Cheerleaders taking a knee aren’t dishonoring the flagRoundup
tags: First Amendment, free speech, NFL, national anthem
A few weeks ago, just before a football game against the visiting Crusaders from North Greenville University, five Kennesaw State University cheerleaders knelt during the playing of the National Anthem to protest police brutality against African Americans. KSU officials promptly banned the cheerleaders from the football field at future games until after the national anthem had been played.
On Wednesday, in a letter to the KSU community, President Sam Olens announced that “I have decided that at Kennesaw State University’s next home game on November 11, the pre-game program will be restored to its original format, with the cheerleaders taking the field before the singing of the National Anthem.”
He could have stopped there, but he didn’t. “I will stand during the National Anthem,” he continued, “to honor the women and men who have served in our nation’s armed forces. While I choose this action, I do not believe that this debate has to be a choice between honoring our veterans and protecting the freedom of speech. We must be able to do both.”
Believed to be the public lynching of Sal Hose
In one of my classes a couple days before Olens’s letter, I had students read the Atlanta Constitution’s coverage of the lynching of Sam Hose, an African American accused of murdering Alfred Cranford, a white man, and raping Mattie Cranford, his wife. Hose was lynched in a field in Newnan, Georgia, on the afternoon of Sunday, April 23, 1899.
The Constitution covered the event in great detail. “The spot selected was an ideal one for such an affair,” the paper said, “and the stake was in full view of those who stood about and with unfeigning satisfaction saw the negro meet his death and tortured before the flames killed him.” The Constitution estimated the crowd at two thousand, many of whom rode on special train cars set up to handle those from Atlanta and elsewhere who wanted to be there.
“Before the fire was lighted his left ear was severed from his body. Then the right ear was cut away…. Other portions of his body were mutilated by the knives of those who gathered about him, but he was not wounded to such an extent that he was not fully conscious and could not feel the excruciating pain.” We talked in class about how lynchings often had a ritualistic aspect, including such mutilations. The Constitution does not say so, but we know from other accounts that the “other portions of his body” included his genitalia.

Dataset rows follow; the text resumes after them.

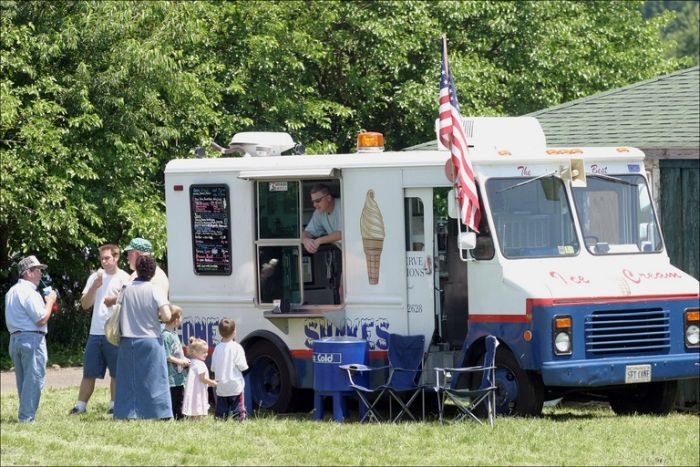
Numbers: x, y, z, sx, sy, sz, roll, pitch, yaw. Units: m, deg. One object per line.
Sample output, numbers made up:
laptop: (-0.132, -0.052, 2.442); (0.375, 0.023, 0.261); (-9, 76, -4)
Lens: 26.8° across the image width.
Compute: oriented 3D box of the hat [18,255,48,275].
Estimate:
hat: (-5.130, 0.526, 24.021); (0.403, 0.224, 0.288); (-16, 6, -10)

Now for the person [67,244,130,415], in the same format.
person: (-4.159, 1.653, 24.555); (1.049, 2.848, 0.827); (1, 1, -5)

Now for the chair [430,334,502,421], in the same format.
chair: (1.872, 2.449, 23.646); (1.102, 1.509, 0.985); (-2, -1, 4)

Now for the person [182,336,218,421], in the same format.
person: (-2.453, 2.384, 24.003); (0.532, 1.302, 0.558); (-2, -3, -12)

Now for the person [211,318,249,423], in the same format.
person: (-1.949, 2.238, 24.012); (0.547, 1.658, 0.308); (-2, -3, -11)

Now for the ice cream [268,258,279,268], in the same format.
ice cream: (-1.260, 0.507, 24.792); (0.122, 0.113, 0.123); (3, 0, -9)

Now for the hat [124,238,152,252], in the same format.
hat: (-3.498, 0.209, 24.545); (0.343, 0.172, 0.251); (6, 2, 14)

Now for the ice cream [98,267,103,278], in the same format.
ice cream: (-4.066, 0.660, 24.223); (0.108, 0.178, 0.112); (0, 2, 1)

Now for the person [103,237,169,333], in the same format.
person: (-3.512, 0.844, 24.374); (0.796, 1.710, 1.031); (1, -2, 0)

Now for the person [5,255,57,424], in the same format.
person: (-5.136, 1.719, 23.898); (0.753, 2.710, 0.571); (-2, -3, -14)

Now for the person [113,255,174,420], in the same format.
person: (-3.308, 1.703, 23.607); (0.861, 2.600, 0.392); (-2, -2, -9)
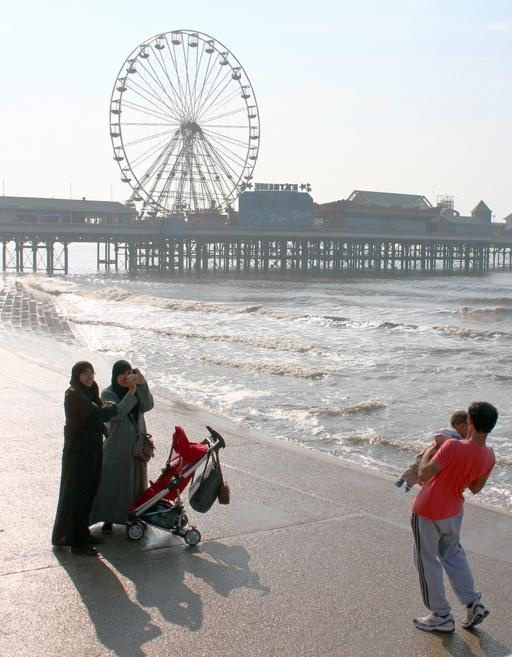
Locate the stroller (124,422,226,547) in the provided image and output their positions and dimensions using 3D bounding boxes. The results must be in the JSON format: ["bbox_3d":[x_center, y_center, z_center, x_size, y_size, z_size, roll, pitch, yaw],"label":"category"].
[{"bbox_3d":[-0.470,0.943,4.223,0.617,0.621,0.417,2,2,-13],"label":"stroller"}]

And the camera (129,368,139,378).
[{"bbox_3d":[-0.721,0.273,4.120,0.045,0.043,0.048,29,-19,-15],"label":"camera"}]

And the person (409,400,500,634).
[{"bbox_3d":[0.911,0.867,3.160,0.384,0.719,0.217,4,3,6],"label":"person"}]

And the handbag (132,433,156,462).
[{"bbox_3d":[-0.655,0.728,4.146,0.106,0.198,0.198,4,3,7],"label":"handbag"}]

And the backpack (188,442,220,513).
[{"bbox_3d":[-0.306,0.933,4.094,0.183,0.424,0.251,3,3,-17],"label":"backpack"}]

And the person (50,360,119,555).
[{"bbox_3d":[-0.966,0.736,3.906,0.285,1.073,0.210,3,4,-27],"label":"person"}]

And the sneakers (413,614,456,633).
[{"bbox_3d":[0.815,1.359,3.202,0.204,0.096,0.075,4,8,5],"label":"sneakers"}]

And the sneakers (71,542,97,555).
[{"bbox_3d":[-0.958,1.249,3.899,0.166,0.066,0.056,1,9,4],"label":"sneakers"}]
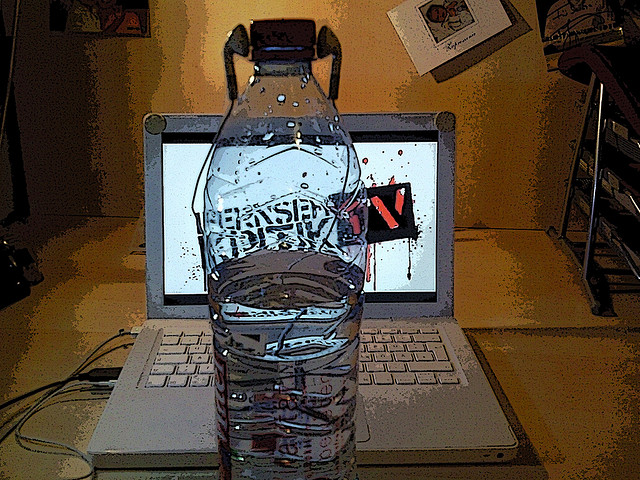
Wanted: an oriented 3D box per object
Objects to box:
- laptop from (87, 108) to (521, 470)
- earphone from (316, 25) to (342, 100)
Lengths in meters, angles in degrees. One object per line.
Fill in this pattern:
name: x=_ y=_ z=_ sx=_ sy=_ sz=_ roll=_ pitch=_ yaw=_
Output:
laptop: x=-0.033 y=0.104 z=1.079 sx=0.660 sy=0.409 sz=0.585 roll=-1 pitch=7 yaw=-3
earphone: x=0.008 y=-0.282 z=0.911 sx=0.049 sy=0.116 sz=0.051 roll=1 pitch=3 yaw=-23
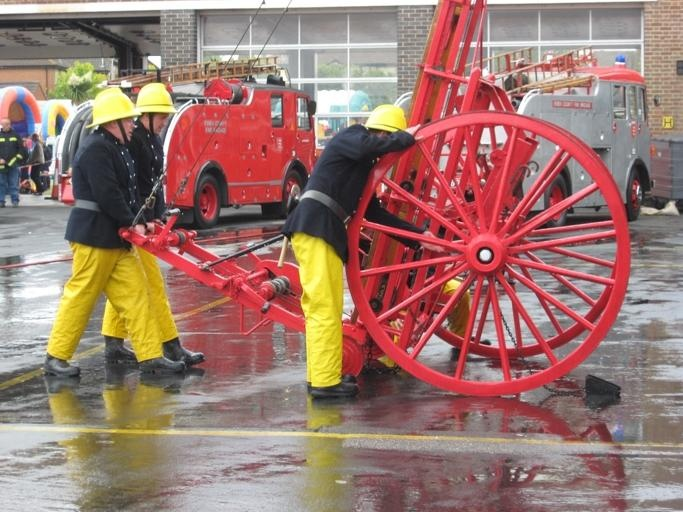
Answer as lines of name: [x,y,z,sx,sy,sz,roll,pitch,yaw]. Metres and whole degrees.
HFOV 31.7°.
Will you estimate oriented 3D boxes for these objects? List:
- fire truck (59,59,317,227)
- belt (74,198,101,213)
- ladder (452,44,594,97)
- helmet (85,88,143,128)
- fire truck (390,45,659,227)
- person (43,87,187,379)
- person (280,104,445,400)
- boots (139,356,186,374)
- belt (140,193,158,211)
fire truck: [-3.155,-2.222,24.769,3.140,2.661,5.637,6,11,27]
belt: [-2.505,-0.499,11.685,0.334,0.109,0.142,9,16,38]
ladder: [3.879,-3.602,23.425,1.630,0.788,3.021,5,13,26]
helmet: [-2.251,-1.477,11.788,0.498,0.254,0.402,-11,4,10]
fire truck: [3.751,-2.475,24.242,3.022,2.840,6.057,3,8,36]
person: [-2.255,-0.190,11.924,1.614,2.701,0.978,-1,5,-18]
person: [0.078,-0.050,11.020,1.106,2.541,0.667,-8,16,-27]
boots: [-1.746,1.070,11.851,0.480,0.183,0.160,-3,7,-2]
belt: [-1.897,-0.523,11.772,0.081,0.098,0.312,6,-17,-8]

And then they lit the fire. Only then, the paper says, did Hose scream.
Through it all, the Constitution reported, the crowd was “orderly and well-behaved,” at least until the fire had died down. Then there was a mad rush to claim every bit of bone and flesh that had survived the flames.
I talked with my students about another lynching, three decades later, in Marion, Indiana, at which two black men were hanged. A picture on the front page of the local newspaper the next day showed the dozens of people who came to revel in the aftermath, including a young couple—they look like they’re on a date—looking into the camera, holding hands and smiling.
Postcard of the body of mentally disabled 17-year-old Jesse Washington after he was beaten with shovels and bricks, castrated, had his ears and fingers cut off and finally burned alive. His body is here hanging on display in Robinson, seven miles from Waco, where the lynching took place.
That led to a discussion of Without Sanctuary, the website and book of lynching photographs and postcards—postcards!—collected by Atlanta art dealer James Allen. When we go on vacation, we buy postcards with pictures of local attractions on the front, write “Having a great time, wish you were here” on the back, and send them to friends back home. One of the postcards Allen found shows the suspended body of a black man, surrounded by hundreds of white spectators, from a 1910 lynching in Texas. The inscription: “All OK and would like to get a post from you, Bill. This was some Raw Bunch.”
We talked about the number of lynchings over the years—well over four thousand, 1880-1930, mostly in the South, mostly black men. We looked at a list of the 460 lynched in Georgia. All but 19 were African American.
When I read Sam Olens’s letter Wednesday afternoon, I thought again of James Allen. Several years ago, Allen tried to arrange an exhibition of his lynching photographs. No one in Georgia would touch it. The first two exhibitions were in New York, with a third in Pittsburgh. Michael Lomax, currently president and CEO of the United Negro College Fund but at the time an English professor in Atlanta, said, “This shows how reluctant Atlanta is to confront something other than a chamber of commerce, sanitized version of its history.” Rick Beard, then director of the Atlanta History Center, put it more bluntly: “The ‘city too busy to hate’ is often also the city too busy to think deeply about the painful aspects of its past.”
Olens’s letter reminded me of the importance of the Black Lives Matter movement, because historically, in Georgia and elsewhere, black lives have emphatically not mattered.
I regret President Olens’s implications that “taking a knee” during the playing of the National Anthem is a sign of disrespect to our veterans and that the cheerleaders’ actions were a context-less exercise of free speech. I wish he could understand that the cheerleaders were not just taking a knee on a football field; they were kneeling in the stream of history, a history that we cannot forget.